PPA lawyers seek to remove class action suit over parking fees to federal court

By Jon Campisi | Feb 25, 2013

Nearly a month after a Philadelphia woman filed a class action lawsuit against the

Philadelphia Parking Authority in state court, lawyers representing the enforcement agency have petitioned the U.S. District Court to transfer the case to the federal venue.

Attorneys Dennis G. Weldon, Jr. and Bryan L. Heulitt, Jr., who represent the PPA, filed a Notice of Removal on Feb. 21 in the Eastern District of Pennsylvania, saying that the litigation initiated back on Jan. 29 by city resident Angela Parsons should play out in federal court.

In her complaint, which seeks class certification, Parsons claims that the PPA charged motorists for street parking in Philadelphia on days when the meters were supposed to be free.

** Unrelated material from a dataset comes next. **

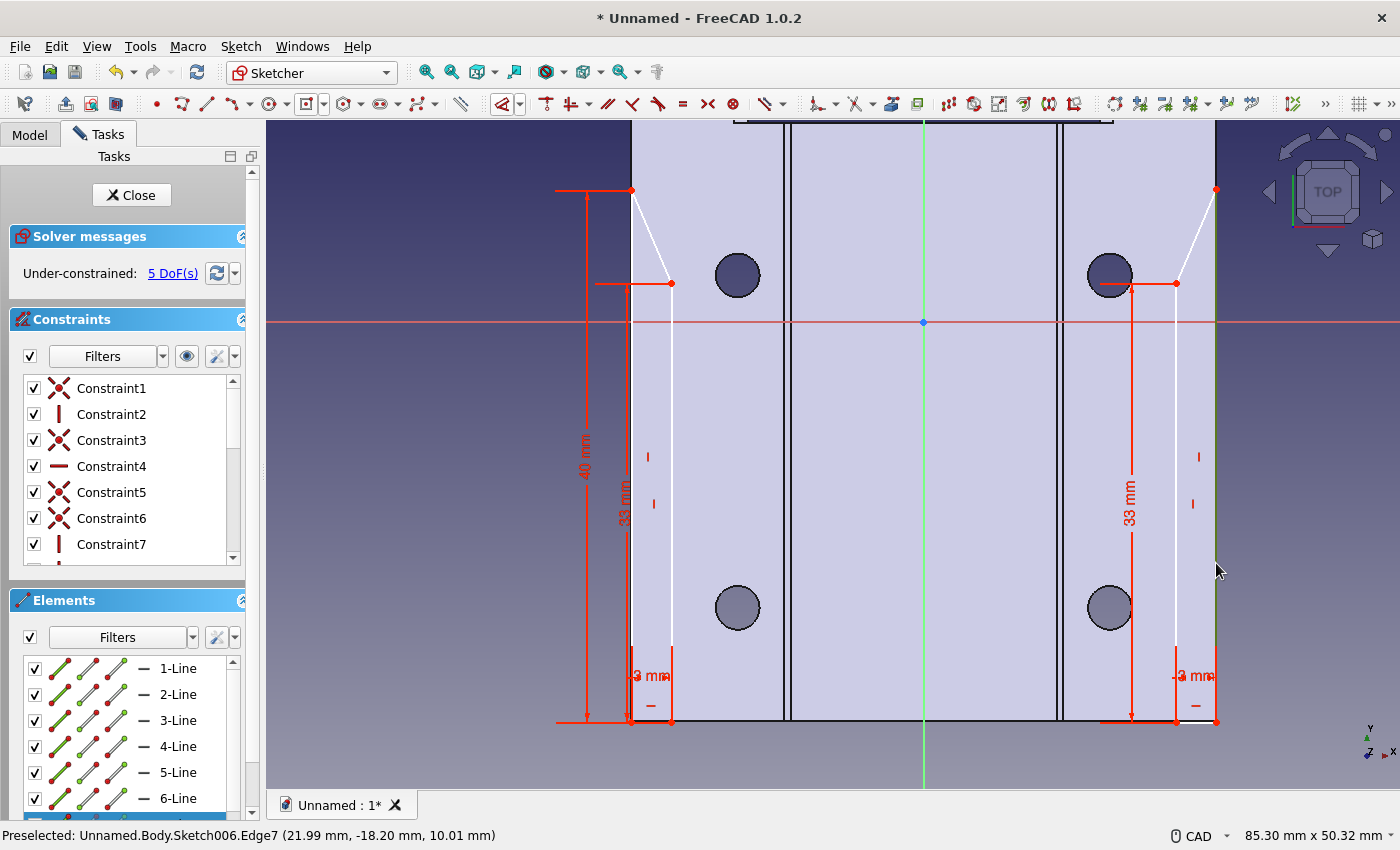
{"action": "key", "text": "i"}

The lawsuit, which was filed by Philadelphia lawyer Edward S. Mazurek, alleges that on days when parking was supposed to have been free, the PPA “nevertheless collected and retained parking fees from the Class Members through parking meters and meter kiosks for such street parking by failing and refusing to deactivate the meters and meter kiosks, or otherwise program them so that they did not accept payments, and by failing and refusing to post adequate notices on meters and meter kiosks that parking was free.”

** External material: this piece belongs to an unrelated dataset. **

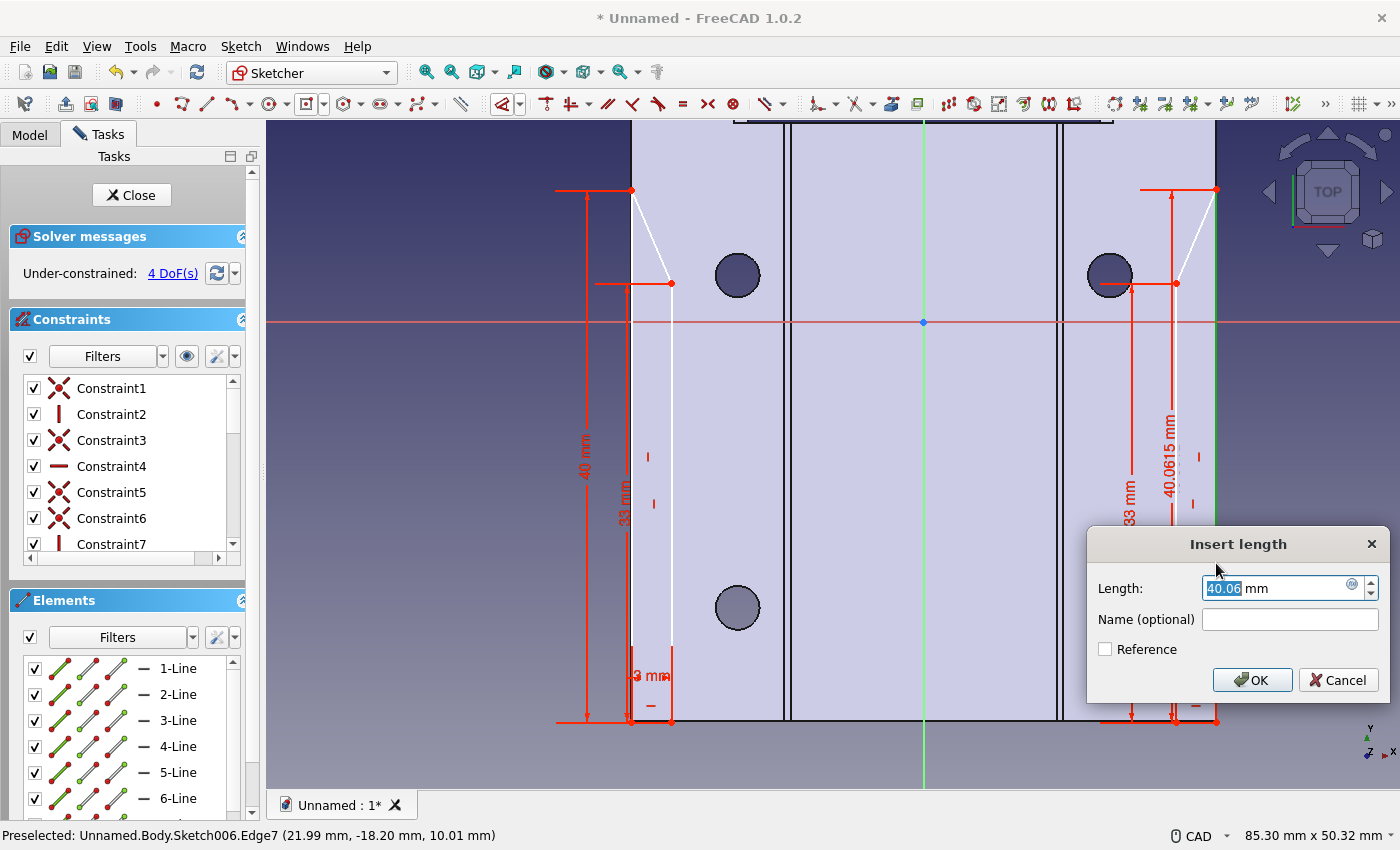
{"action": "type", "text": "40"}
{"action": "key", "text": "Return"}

The PPA’s actions, the suit claims, violated the class members’ equal protection and due process of law guaranteed by the Fourteenth Amendment to the U.S. Constitution.

The agency’s policies have also resulted in unjust enrichment of the PPA by the class members under Pennsylvania common law, the complaint alleges.

In the removal notice, the PPA’s attorneys wrote that the U.S. District Court has jurisdiction over the case because it contains allegations of federal civil rights violations in addition to the state law claims.

As for lead plaintiff Parsons, she claims in her civil action that she paid for metered parking in Philadelphia on Saturdays between Nov. 24 and Dec. 29 of last year when parking was supposed to have been free of charge.

There were no signs indicating that parking was free at the time, the suit alleges, and meter kiosks were turned on and able to accept payment for parking when no payment was required because of the city’s offering of free parking during certain times throughout the week.

“The PPA, in adopting and implementing the policies and practices alleged in this Complaint, have caused the constitutional violations to the Named Plaintiff and Class Members and has been unjustly enriched by the Named Plaintiff and Class Members,” the complaint reads.

In addition to seeking class certification, the lawsuit seeks restitution of any and all payments made by the class members to the PPA for metered parking in the city when and where parking was free of charge, as well as unspecified compensatory and punitive damages, declaratory relief that the PPA violated the plaintiffs’ rights, and a permanent injunction prohibiting the PPA from accepting payments made for metered parking when parking is supposed to be free.

The complaint also seeks attorney’s fees and costs.

The state court case ID number is 130103419.

The federal case number is 2:13-cv-00955-TON.